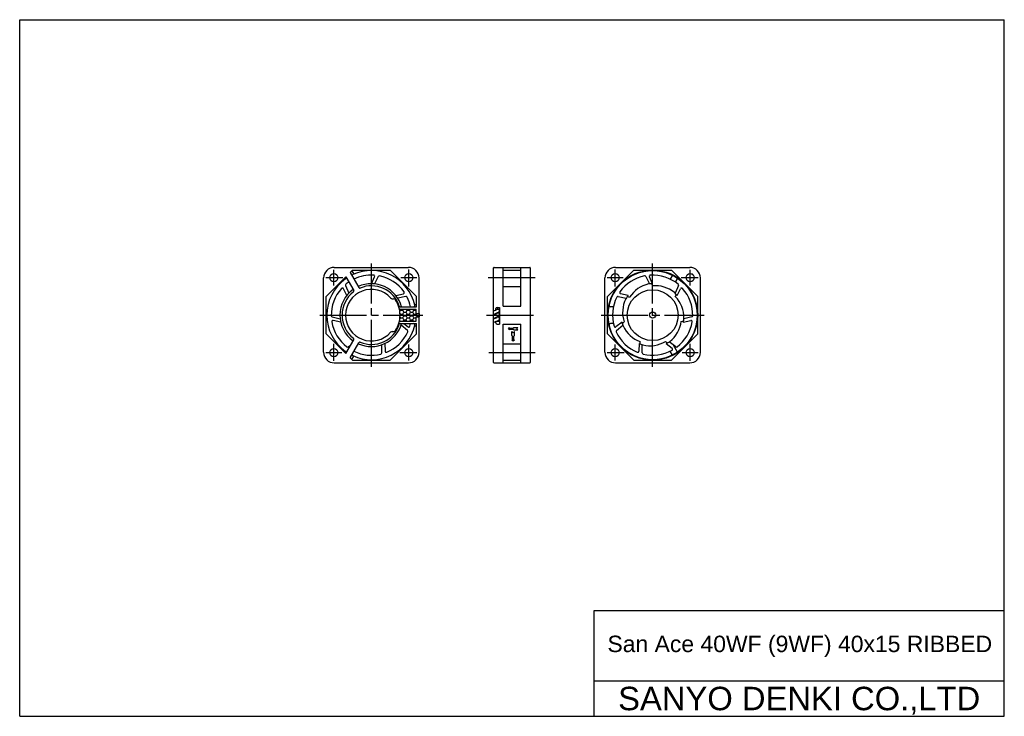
# Model space of a CAD drawing. Header units: millimetres. Extents: x 0 to 420, y 0 to 297.
import ezdxf
from ezdxf.enums import TextEntityAlignment as Align

# ---------------------------------------------------------------- set-up
doc = ezdxf.new("R2010")
doc.units = ezdxf.units.MM
doc.linetypes.add('CENTER', pattern=[27, 20, -2, 3, -2])
doc.linetypes.add('HS', pattern=[0])
doc.styles.get("Standard").update_dxf_attribs({"font": 'arial.ttf'})

msp = doc.modelspace()

# ---------------------------------------------------------------- linework, layer by layer
at = {"color": 7, "linetype": 'HS'}
for p, q in [((0, 297), (420, 297)), ((0, 0), (0, 297)), ((420, 0), (420, 297)), ((209, 165.46), (209, 165.71)), ((209, 164.71), (209, 164.96)), ((210.5, 165.46), (210.75, 165.71)), ((210.5, 164.96), (210.75, 164.71)), ((210, 162.25), (210.25, 162)), ((210, 160.5), (210.25, 160.5)), ((210.75, 162), (211, 162.25)), ((210.75, 160.5), (211, 160.5)), ((245, 45), (420, 45)), ((245, 0), (245, 45)), ((245, 15), (420, 15)), ((0, 0), (420, 0))]:
    msp.add_line(p, q, dxfattribs=at)
at = {"color": 7, "linetype": 'CENTER'}
for p, q in [((134, 183.58), (134, 190.39)), ((150, 149), (150, 193)), ((166, 183.18), (166, 190.45)), ((254, 183.18), (254, 190.45)), ((270, 149), (270, 193)), ((286, 183.58), (286, 190.39)), ((130.55, 187), (137.82, 187)), ((162.58, 187), (169.39, 187)), ((199.88, 187), (220.05, 187)), ((250.61, 187), (257.42, 187)), ((282.18, 187), (289.45, 187)), ((128, 171), (172, 171)), ((199.17, 171), (220.83, 171)), ((248, 171), (292, 171)), ((134, 151.55), (134, 158.82)), ((166, 151.61), (166, 158.42)), ((254, 151.61), (254, 158.42)), ((286, 151.55), (286, 158.82)), ((130.61, 155), (137.42, 155)), ((162.18, 155), (169.45, 155)), ((200.18, 155), (219.95, 155)), ((250.55, 155), (257.82, 155)), ((282.58, 155), (289.39, 155))]:
    msp.add_line(p, q, dxfattribs=at)
at = {"color": 7}
for p, q in [((134.15, 191.35), (165.85, 191.35)), ((140.96, 189.16), (142, 190.2)), ((140.96, 189.16), (144.64, 182.78)), ((141.69, 189.89), (142.52, 188.46)), ((142, 190.2), (158, 190.2)), ((158, 190.2), (169.2, 179)), ((202.17, 150.85), (202.17, 191.15)), ((202.37, 191.35), (217.62, 191.35)), ((206.17, 174.79), (206.17, 191.35)), ((206.17, 190.2), (213.83, 190.2)), ((213.83, 174.79), (213.83, 191.35)), ((217.83, 150.85), (217.83, 191.15)), ((250.8, 179), (262, 190.2)), ((254.15, 191.35), (285.85, 191.35)), ((262, 190.2), (278, 190.2)), ((278, 190.2), (289.2, 179)), ((129.65, 155.15), (129.65, 186.85)), ((130.8, 179), (139.13, 187.33)), ((138.4, 186.6), (138.62, 186.21)), ((139.13, 187.33), (142.48, 181.53)), ((150, 184.4), (151.38, 187.36)), ((152.97, 187.47), (151.39, 184.33)), ((170.35, 171.67), (170.35, 186.85)), ((249.65, 155.15), (249.65, 186.85)), ((267.03, 187.47), (268.61, 184.33)), ((270, 184.4), (268.62, 187.36)), ((278.4, 188.04), (277.44, 186.39)), ((280.56, 186.79), (279.64, 185.12)), ((290.35, 155.15), (290.35, 186.85)), ((139.52, 179.35), (138.07, 182.28)), ((138.97, 183.59), (140.45, 180.4)), ((206.17, 183.2), (213.83, 183.2)), ((269.45, 184.39), (269.89, 183.46)), ((281.03, 183.59), (279.55, 180.4)), ((280.48, 179.35), (281.93, 182.28)), ((130.8, 163), (130.8, 179)), ((158.94, 178), (159.52, 178)), ((160.48, 179.35), (163.65, 180.12)), ((164.73, 178.95), (161.29, 178.22)), ((169.2, 174.6), (169.2, 179)), ((250.8, 163), (250.8, 179)), ((255.27, 178.95), (258.71, 178.22)), ((259.52, 179.35), (256.35, 180.12)), ((259.19, 178.92), (260.18, 178.68)), ((279.67, 178.86), (280.13, 179.78)), ((289.2, 163), (289.2, 179)), ((161.97, 173.6), (169.15, 173.6)), ((162.34, 174.6), (169.2, 174.6)), ((168.43, 175.6), (169.2, 175.6)), ((169.15, 171.67), (169.15, 173.6)), ((203.17, 173.26), (203.17, 173.79)), ((203.17, 173.6), (204.67, 173.6)), ((203.67, 174.29), (204.67, 174.29)), ((204.67, 174.29), (204.67, 167.21)), ((206.17, 174.79), (213.83, 174.79)), ((253.28, 174.6), (251.96, 174.6)), ((133.28, 170.23), (136.7, 169.39)), ((136.94, 168.02), (133.74, 168.71)), ((161.97, 168.4), (169.15, 168.4)), ((169.15, 171.67), (170.35, 171.67)), ((169.15, 168.4), (169.15, 170.32)), ((169.15, 170.32), (170.35, 170.32)), ((170.35, 155.15), (170.35, 170.32)), ((170.35, 170.32), (170.35, 170.32)), ((170.35, 170.02), (170.35, 170.02)), ((203.17, 169.82), (203.17, 170.09)), ((203.17, 167.71), (203.17, 168.35)), ((203.31, 168.4), (204.67, 168.4)), ((256.94, 168.02), (254.36, 166.01)), ((257.07, 167.49), (257.87, 168.11)), ((270, 171), (270, 171)), ((270, 171), (270, 171)), ((282.18, 168.34), (283.17, 168.55)), ((283.06, 168.02), (286.26, 168.71)), ((286.72, 170.23), (283.3, 169.39)), ((158.94, 164), (159.52, 164)), ((162.34, 167.4), (169.2, 167.4)), ((165.4, 164.44), (162.68, 166.68)), ((163.86, 167.4), (165.65, 166.01)), ((168.43, 166.4), (169.2, 166.4)), ((169.2, 163), (169.2, 167.4)), ((203.67, 167.21), (204.67, 167.21)), ((206.17, 150.65), (206.17, 167.21)), ((206.17, 167.21), (213.83, 167.21)), ((208.5, 165.21), (209, 165.71)), ((208.5, 165.21), (209, 164.71)), ((209, 165.46), (210.5, 165.46)), ((209, 164.96), (210.5, 164.96)), ((210, 162.25), (210, 164)), ((210, 164), (210.5, 163.5)), ((210.5, 163.5), (211, 164)), ((210.75, 165.71), (212.5, 165.71)), ((210.75, 164.71), (212.5, 164.71)), ((211, 162.25), (211, 164)), ((212, 165.21), (212.5, 165.71)), ((212, 165.21), (212.5, 164.71)), ((213.83, 150.65), (213.83, 167.21)), ((253.28, 167.4), (251.96, 167.4)), ((254.6, 164.44), (257.32, 166.68)), ((130.8, 163), (139.13, 154.67)), ((139.13, 154.67), (142.48, 160.47)), ((158, 151.8), (169.2, 163)), ((210, 160.5), (210.5, 160)), ((210.25, 160.5), (210.25, 162)), ((210.5, 160), (211, 160.5)), ((210.75, 160.5), (210.75, 162)), ((250.8, 163), (262, 151.8)), ((264.68, 158.7), (264.7, 159.72)), ((275.51, 159.82), (276.3, 159.17)), ((278, 151.8), (289.2, 163)), ((138.4, 155.4), (138.62, 155.79)), ((140.18, 157.45), (141.18, 158.22)), ((140.96, 152.84), (144.64, 159.22)), ((154.47, 154.87), (154.53, 158.39)), ((155.81, 158.93), (155.85, 155.66)), ((206.17, 158.8), (213.83, 158.8)), ((264.19, 158.93), (264.15, 155.66)), ((265.53, 154.87), (265.47, 158.39)), ((275.81, 158.93), (278.34, 156.86)), ((279.82, 157.45), (277.04, 159.6)), ((278.4, 153.96), (277.44, 155.61)), ((280.56, 155.21), (278.82, 158.22)), ((140.96, 152.84), (142, 151.8)), ((141.69, 152.11), (142.52, 153.54)), ((142, 151.8), (158, 151.8)), ((206.17, 151.8), (213.83, 151.8)), ((262, 151.8), (278, 151.8)), ((134.15, 150.65), (165.85, 150.65)), ((202.37, 150.65), (217.62, 150.65)), ((254.15, 150.65), (285.85, 150.65))]:
    msp.add_line(p, q, dxfattribs=at)
at = {"color": 7, "linetype": 'Continuous'}
for p, q in [((162.15, 172.57), (162.47, 173.12)), ((162.47, 173.12), (162.19, 173.6)), ((162.47, 173.12), (163.42, 173.12)), ((163.42, 173.12), (163.69, 173.6)), ((163.89, 172.3), (163.42, 173.12)), ((163.42, 171.47), (163.89, 172.3)), ((163.89, 172.3), (164.85, 172.3)), ((164.85, 172.3), (165.32, 173.12)), ((165.32, 171.47), (164.85, 172.3)), ((165.32, 173.12), (165.05, 173.6)), ((165.32, 173.12), (166.28, 173.12)), ((166.28, 173.12), (166.55, 173.6)), ((166.75, 172.3), (166.28, 173.12)), ((166.28, 171.47), (166.75, 172.3)), ((166.75, 172.3), (167.7, 172.3)), ((167.7, 172.3), (168.18, 173.12)), ((168.18, 171.47), (167.7, 172.3)), ((168.18, 173.12), (167.9, 173.6)), ((168.18, 173.12), (169.13, 173.12)), ((169.13, 173.12), (169.15, 173.15)), ((169.15, 173.09), (169.13, 173.12)), ((162.33, 168.4), (162.06, 168.87)), ((162.12, 169.23), (162.47, 169.82)), ((162.47, 171.47), (162.22, 171.9)), ((162.47, 169.82), (162.23, 170.24)), ((162.25, 171.1), (162.47, 171.47)), ((162.47, 171.47), (163.42, 171.47)), ((162.47, 169.82), (163.42, 169.82)), ((163.69, 171), (163.42, 171.47)), ((163.42, 169.82), (163.89, 170.65)), ((163.89, 169), (163.42, 169.82)), ((163.55, 168.4), (163.89, 169)), ((163.89, 170.65), (163.69, 171)), ((163.89, 170.65), (164.85, 170.65)), ((163.89, 169), (164.85, 169)), ((164.85, 170.65), (165.05, 171)), ((165.32, 169.82), (164.85, 170.65)), ((164.85, 169), (165.32, 169.82)), ((165.19, 168.4), (164.85, 169)), ((165.05, 171), (165.32, 171.47)), ((165.32, 171.47), (166.28, 171.47)), ((165.32, 169.82), (166.28, 169.82)), ((166.55, 171), (166.28, 171.47)), ((166.28, 169.82), (166.75, 170.65)), ((166.75, 169), (166.28, 169.82)), ((166.41, 168.4), (166.75, 169)), ((166.75, 170.65), (166.55, 171)), ((166.75, 170.65), (167.7, 170.65)), ((166.75, 169), (167.7, 169)), ((167.7, 170.65), (167.91, 171)), ((168.18, 169.82), (167.7, 170.65)), ((167.7, 169), (168.18, 169.82)), ((168.05, 168.4), (167.7, 169)), ((167.91, 171), (168.18, 171.47)), ((168.18, 171.47), (169.13, 171.47)), ((168.18, 169.82), (169.13, 169.82)), ((169.13, 171.47), (169.25, 171.67)), ((169.41, 171), (169.13, 171.47)), ((169.13, 169.82), (169.15, 169.85)), ((169.15, 169.79), (169.13, 169.82)), ((169.61, 170.65), (169.41, 171)), ((169.42, 170.32), (169.61, 170.65)), ((169.61, 170.65), (170.35, 170.65)), ((170.35, 171.66), (170.35, 170.32))]:
    msp.add_line(p, q, dxfattribs=at)
at = {"color": 7}
for centre, radius in [((270, 171), 19.2), ((270, 171), 19), ((134, 187), 1.75), ((166, 187), 1.75), ((254, 187), 1.75), ((286, 187), 1.75), ((270, 171), 10.85), ((270, 171), 1.3), ((134, 155), 1.75), ((166, 155), 1.75), ((254, 155), 1.75), ((286, 155), 1.75)]:
    msp.add_circle(centre, radius, dxfattribs=at)
for centre, radius, start, end in [((134.15, 186.85), 4.5, 90, 179.9999), ((150, 171), 19, 12.8043, 114.572), ((165.85, 186.85), 4.5, 0, 90), ((202.37, 191.15), 0.2, 90, 179.9999), ((217.62, 191.15), 0.2, 0, 90), ((254.15, 186.85), 4.5, 89.9999, 179.9999), ((285.85, 186.85), 4.5, 359.9998, 89.9999), ((150, 171), 19, 125.428, 234.5719), ((139.28, 186.07), 0.5, 29.9999, 125.4279), ((142.31, 187.82), 0.5, 114.5722, 209.9998), ((150, 171), 13.4, 125.3519, 234.6504), ((150, 171), 12.5, 127.6605, 232.2634), ((150, 171), 11, 41.8103, 318.1894), ((142.04, 181.28), 0.5, 307.7363, 29.9999), ((150, 171), 13.4, 15.5842, 114.6468), ((145.07, 183.03), 0.5, 209.9999, 292.2637), ((150, 171), 12.5, 18.384, 112.3063), ((270.86, 171.92), 12.63, 101.7115, 147.6472), ((270, 171), 13.4, 90, 97.3211), ((271.25, 170.9), 12.63, 50.2827, 96.2184), ((270, 171), 13.4, 38.5714, 45.8924), ((158.94, 179), 1, 221.8103, 269.9998), ((159.52, 177), 1, 32.231, 90.0001), ((150, 171), 12.25, 359.9998, 32.2309), ((269.81, 172.24), 12.63, 153.1398, 199.0756), ((270, 171), 13.4, 141.4287, 148.7498), ((270.71, 169.96), 12.63, 358.854, 44.7898), ((162.34, 175.1), 0.5, 198.3838, 270), ((168.04, 175.1), 0.5, 270, 12.8042), ((189.11, 203.65), 33.49, 292.9702, 295.8662), ((189.11, 203.65), 34.82, 292.0423, 295.8662), ((203.67, 173.79), 0.5, 90, 179.9999), ((204.01, 172.92), 0.668, 295.8662, 115.8664), ((150, 171), 12.25, 327.7688, 0), ((189.11, 201.95), 33.49, 292.9702, 295.8662), ((189.11, 201.95), 34.82, 292.0423, 295.8662), ((189.11, 202.65), 35.72, 291.4607, 294.1487), ((189.11, 202.65), 37.08, 290.6393, 294.1487), ((204.01, 171.22), 0.668, 295.8662, 115.8664), ((204, 169.44), 0.678, 294.1487, 114.1487), ((270, 171), 13.4, 192.8571, 200.1782), ((269.63, 169.8), 12.63, 307.4255, 353.3611), ((270, 171), 13.4, 347.1428, 354.4639), ((150, 171), 19, 245.4278, 347.1956), ((150, 171), 13.4, 245.3545, 344.4152), ((150, 171), 12.5, 247.7362, 341.616), ((158.94, 163), 1, 90, 138.1897), ((159.52, 165), 1, 269.9998, 327.7688), ((162.34, 166.9), 0.5, 90, 161.6159), ((168.04, 166.9), 0.5, 347.1958, 90), ((203.67, 167.71), 0.5, 179.9999, 269.9998), ((268.91, 171.63), 12.63, 204.5684, 250.5041), ((142.04, 160.72), 0.5, 330, 52.2635), ((268.83, 170.54), 12.63, 255.997, 301.9326), ((270, 171), 13.4, 295.7141, 303.0352), ((139.28, 155.93), 0.5, 234.5715, 330), ((145.07, 158.97), 0.5, 67.7359, 150.0001), ((270, 171), 13.4, 244.2857, 251.6067), ((134.15, 155.15), 4.5, 179.9999, 269.9998), ((142.31, 154.18), 0.5, 149.9992, 245.4282), ((165.85, 155.15), 4.5, 269.9998, 0), ((254.15, 155.15), 4.5, 179.9999, 269.9998), ((285.85, 155.15), 4.5, 269.9998, 359.9998), ((202.37, 150.85), 0.2, 179.9999, 269.9998), ((217.62, 150.85), 0.2, 270, 0)]:
    msp.add_arc(centre, radius, start, end, dxfattribs=at)
at = {"color": 7, "ltscale": 0.606107}
for centre, radius, start, end in [((150, 171), 17.1, 124.1917, 129.5556), ((150, 171), 17.1, 86.7939, 115.8073), ((150.93, 187.57), 0.5, 335, 86.7939), ((153.42, 187.24), 0.5, 78.127, 153.3279), ((150, 171), 17.1, 35.3653, 78.127), ((270, 171), 17.1, 101.873, 144.6347), ((266.58, 187.25), 0.5, 26.6721, 101.873), ((269.07, 187.57), 0.5, 93.2061, 205), ((270, 171), 17.1, 50.4444, 93.2061), ((150, 171), 17.1, 138.2225, 180.9842), ((137.62, 182.06), 0.5, 26.4286, 138.2225), ((139.43, 183.8), 0.5, 129.5556, 204.7565), ((163.54, 180.61), 0.5, 283.5715, 35.3653), ((256.46, 180.61), 0.5, 144.6347, 256.4285), ((280.57, 183.8), 0.5, 335.2435, 50.4444), ((282.38, 182.06), 0.5, 41.7775, 153.5714), ((270, 171), 17.1, 359.0158, 41.7775), ((164.83, 178.46), 0.5, 26.6984, 101.8993), ((150, 171), 17.1, 12.1531, 26.6984), ((270, 171), 17.1, 153.3016, 196.0632), ((255.17, 178.46), 0.5, 78.1007, 153.3016), ((133.4, 170.71), 0.5, 180.9842, 256.185), ((133.63, 168.22), 0.5, 77.8572, 189.651), ((150, 171), 17.1, 189.651, 232.4127), ((270, 171), 17.1, 307.5873, 350.349), ((286.37, 168.22), 0.5, 350.349, 102.1428), ((286.6, 170.72), 0.5, 283.815, 359.0158), ((150, 171), 17.1, 292.5082, 335.2699), ((165.08, 164.06), 0.5, 335.2699, 50.4708), ((165.95, 166.41), 0.5, 232.1429, 343.9368), ((150, 171), 17.1, 343.9368, 347.8465), ((254.05, 166.41), 0.5, 196.0632, 307.8571), ((254.92, 164.06), 0.5, 129.5292, 204.7301), ((270, 171), 17.1, 204.7301, 247.4918), ((139.87, 157.85), 0.5, 232.4127, 307.6136), ((150, 171), 17.1, 244.1938, 283.8413), ((156.35, 155.66), 0.5, 180.7143, 292.5082), ((263.65, 155.66), 0.5, 247.4918, 359.2857), ((270, 171), 17.1, 256.1587, 298.9204), ((278.03, 156.47), 0.5, 298.9204, 50.7142), ((280.13, 157.85), 0.5, 232.3864, 307.5873), ((153.97, 154.88), 0.5, 283.8413, 359.0422), ((266.03, 154.88), 0.5, 180.9578, 256.1587)]:
    msp.add_arc(centre, radius, start, end, dxfattribs=at)
at = {"color": 7, "linetype": 'Continuous'}
for centre, start, end in [((251.96, 175.1), 167.1957, 270), ((251.96, 166.9), 90, 192.8043)]:
    msp.add_arc(centre, 0.5, start, end, dxfattribs=at)
at = {"color": 7}
for p in [(270, 191.35), (286.83, 188.54), (270, 171), (270, 171), (270, 171), (270, 171), (270, 171), (270, 171)]:
    msp.add_point(p, dxfattribs=at)

# ---------------------------------------------------------------- texts
msp.add_text(' San Ace 40WF (9WF) 40x15 RIBBED', height=7, dxfattribs=at).set_placement((248, 27.29))
at = {"color": 7, "linetype": 'Continuous'}
msp.add_text('SANYO DENKI CO.,LTD', height=10, dxfattribs=at).set_placement((332.5, 7.5), align=Align.MIDDLE_CENTER)

doc.saveas('drawing.dxf')

******************************

Try it
Copy the records above from the first line through the line containing "msp = doc.modelspace()", both included, and leave out any pictures.

Task response
# Model space of a CAD drawing. Header units: millimetres. Extents: x 0 to 420, y 0 to 297.
import ezdxf
from ezdxf.enums import TextEntityAlignment as Align

# ---------------------------------------------------------------- set-up
doc = ezdxf.new("R2010")
doc.units = ezdxf.units.MM
doc.linetypes.add('CENTER', pattern=[27, 20, -2, 3, -2])
doc.linetypes.add('HS', pattern=[0])
doc.styles.get("Standard").update_dxf_attribs({"font": 'arial.ttf'})

msp = doc.modelspace()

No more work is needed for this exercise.